22 Outubro 2012 | 09h39

ARQUIVO PESSOAL

Filho de professores, Oskar Metsavaht, da Osklen, afirma que a Alpargatas comprou criatividade

Oskar Metsavaht, criador da Osklen, surpreendeu o mercado ao vender sua empresa a médio prazo para a Alpargatas, no início de outubro. De imediato, todos se perguntaram: por quê? Estaria o empresário cansado do metier? Ou precisando de aporte de capital para crescer internamente ou se internacionalizar?

Nada disso. “Normalmente, uma venda deste tipo se dá por três razões: ou o dono viu que a marca está ladeira abaixo; ou não tem mais paciência para administrar; ou, ainda, quer embolsar a liquidez do seu negócio”, ressalta o estilista. “Minha negociação foi diferente. Eu sempre quis um grupo que tivesse na sua expertise coisas que eu não tenho e vice-versa. Estou me associando a quem vai pegar a potencialidade da Osklen e unir forças”, diz.

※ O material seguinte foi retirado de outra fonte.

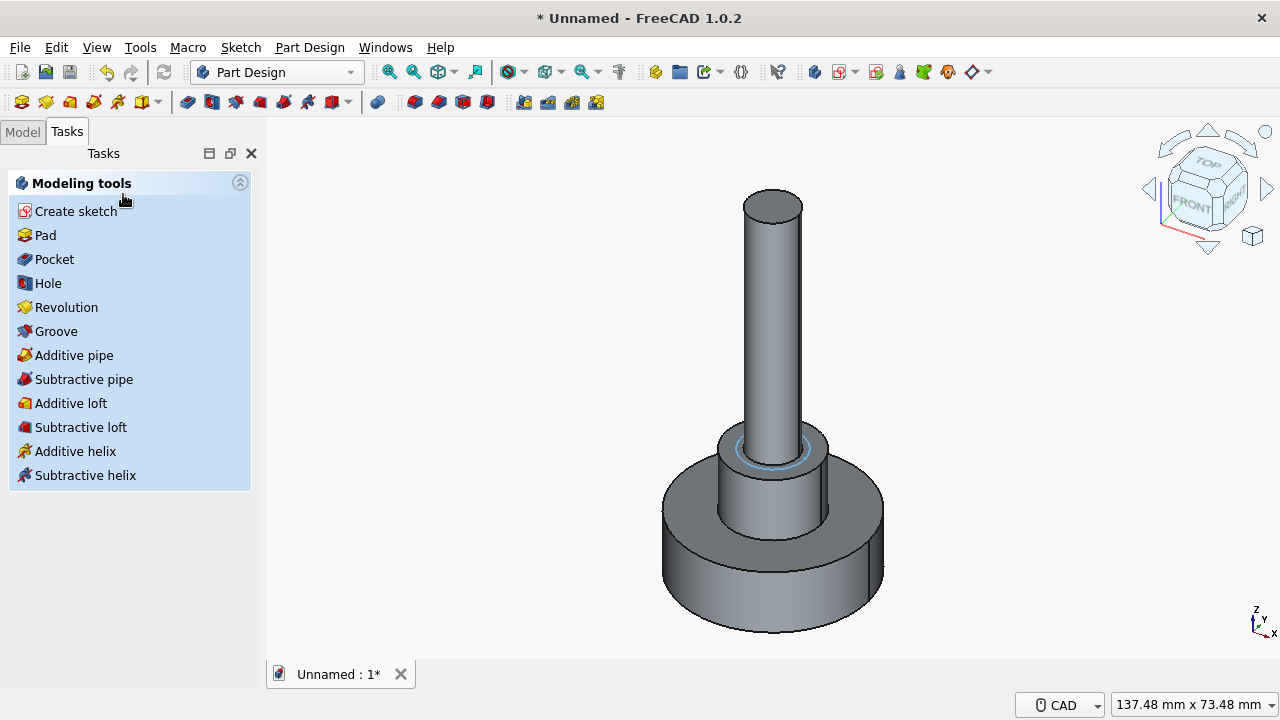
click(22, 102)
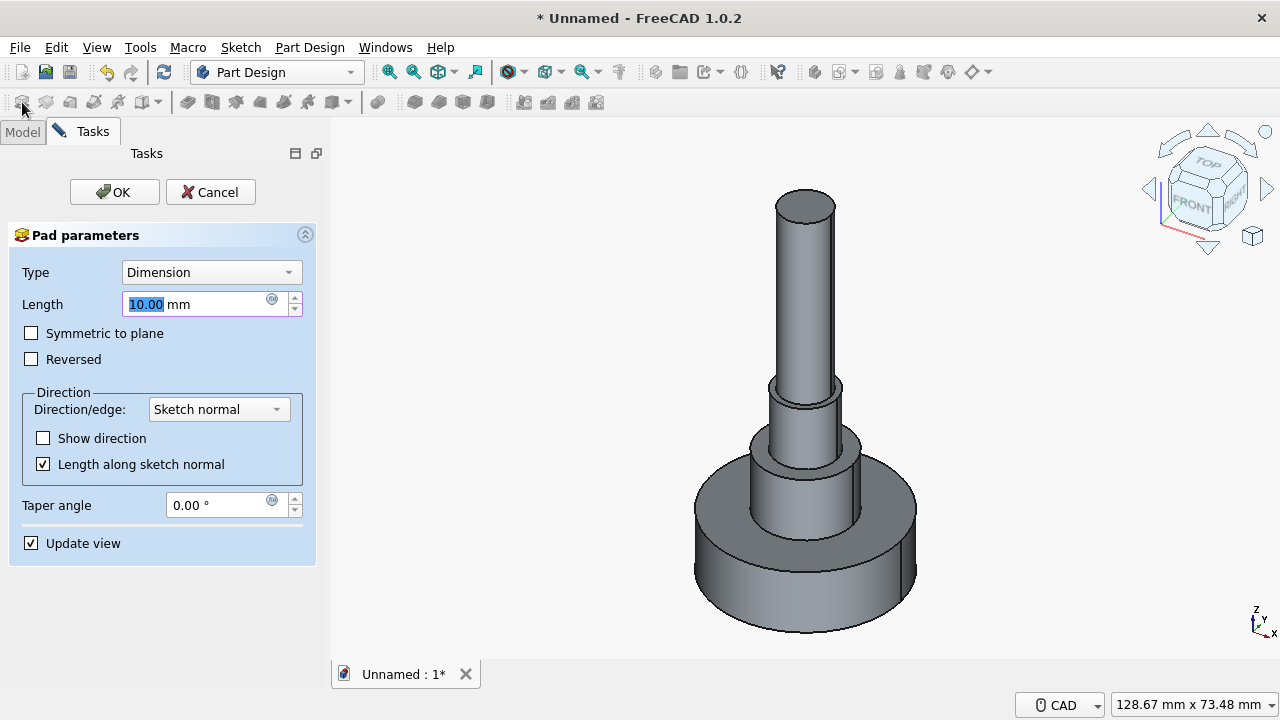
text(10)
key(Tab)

Pretende deixar a empresa? Não. Seu contrato estabelece que ele fique pelo menos até 2016. “Depois, vamos ‘reconversar’ a respeito. Olhando lá na frente, vou ter 40% de uma marca em que eu acredito e muito.”
A seguir, os principais trechos da entrevista dada à coluna semana passada.

Você acaba de fechar uma parceria. Deve evoluir para uma compra?

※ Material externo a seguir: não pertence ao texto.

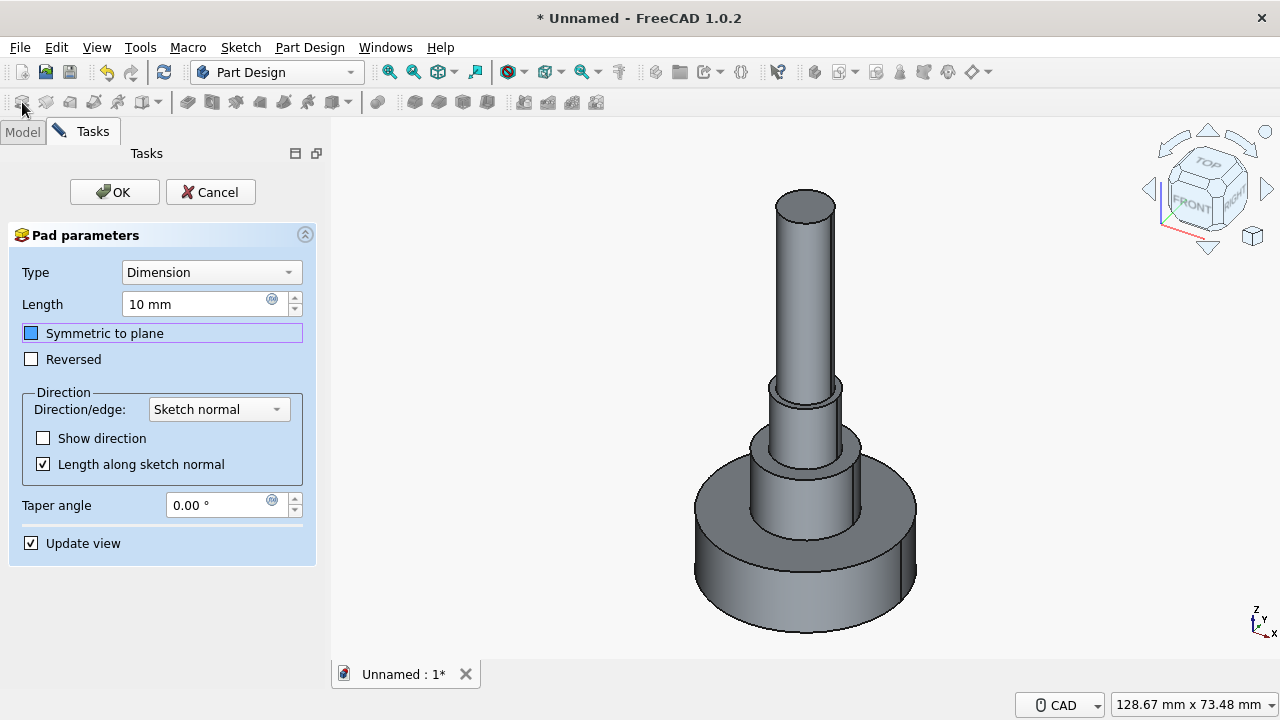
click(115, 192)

Sim e devo ficar com 40%. Eles compraram 30% agora e vão comprar mais 30% daqui a um ano, quando será batido o martelo sobre o valor da empresa. Nós acordamos que eles vão pagar sobre 13 vezes o Ebitda (lucro antes de juros, impostos, depreciação e amortização) de 2013. Deram R$ 67 milhões agora. Um adiantamento e não primeira parcela como se falou”.

Por que você acabou escolhendo a Alpargatas?

Acho que pela visão da empresa. Conversei com todo mundo, mas minha ideia não é simplesmente unir marcas. A Osklen está muito bem e pode continuar crescendo sozinha, no seu ritmo. São 22 lojas, com faturamento de R$ 250 milhões em quatro culturas diferentes. Internacionalizei a Osklen, hoje reconhecida mundo afora. Temos um público exigente, mas Japão e Itália querem mais em relação à qualidade e à originalidade na estética.

Por ser Alpargatas, famosa pelas Havaianas, há alguma ideia de popularizar sua marca?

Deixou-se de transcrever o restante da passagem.